- Holunchekan Location within Iran
- Coordinates: 26°15′22″N 60°45′32″E﻿ / ﻿26.25611°N 60.75889°E
- Country: Iran
- Province: Sistan and Baluchestan
- County: Qasr-e Qand
- District: Central
- Rural District: Holunchekan

Population (2016)
- • Total: 1,294
- Time zone: UTC+3:30 (IRST)

= Holunchekan =

Village in Sistan and Baluchestan province, Iran

Holunchekan (هلونچكان) (Note: Also romanized as Holūnchekān; also known as ’Alūb Chekān, Helān Chekān, Holān Chokān, and Holonchekān) is a village in, and the capital of, Holunchekan Rural District of the Central District of Qasr-e Qand County, Sistan and Baluchestan province, Iran.

==Demographics==
===Population===
At the time of the 2006 National Census, the village's population was 1,017 in 178 households, when it was in the former Qasr-e Qand District of Nik Shahr County.
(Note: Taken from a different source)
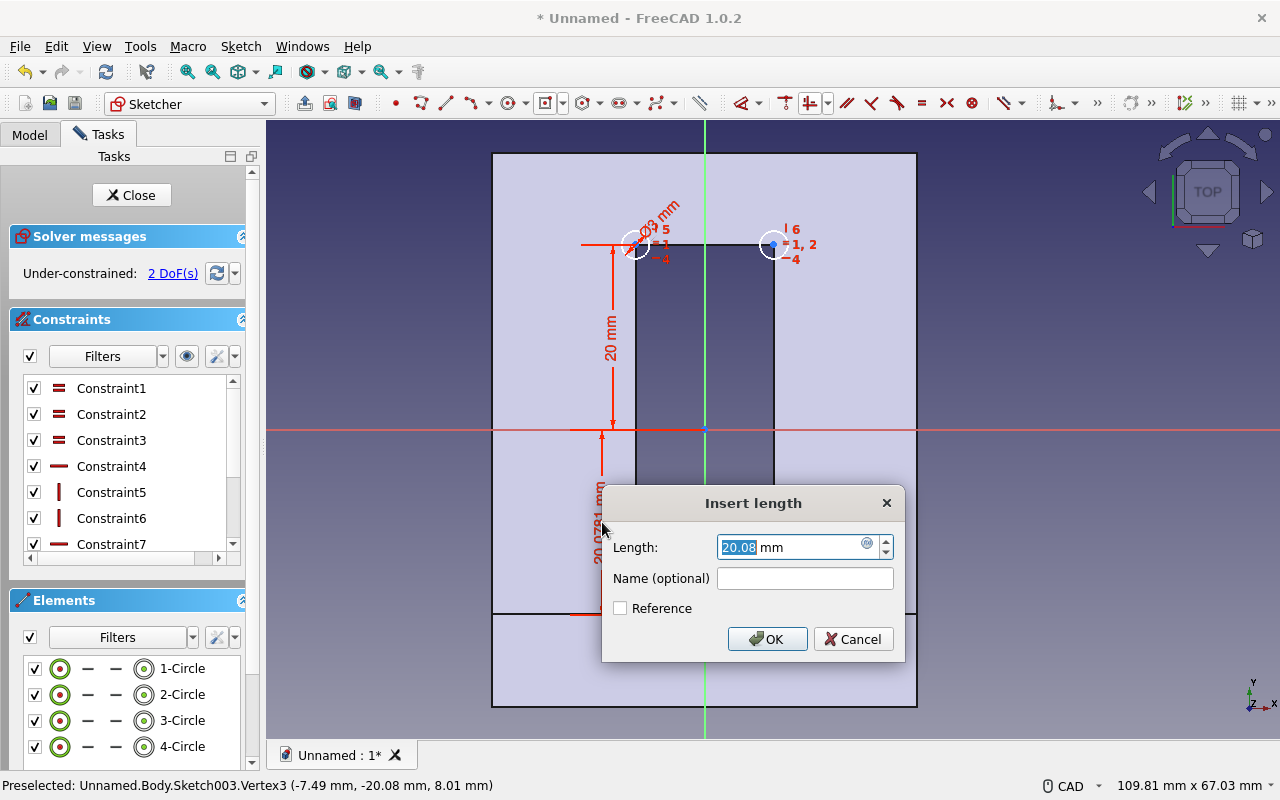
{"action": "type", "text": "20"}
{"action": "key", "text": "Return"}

The following census in 2011 counted 1,177 people in 260 households. The 2016 census measured the population of the village as 1,294 people in 300 households, by which time the district had been separated from the county in the establishment of Qasr-e Qand County. The rural district was transferred to the new Central District. It was the most populous village in its rural district.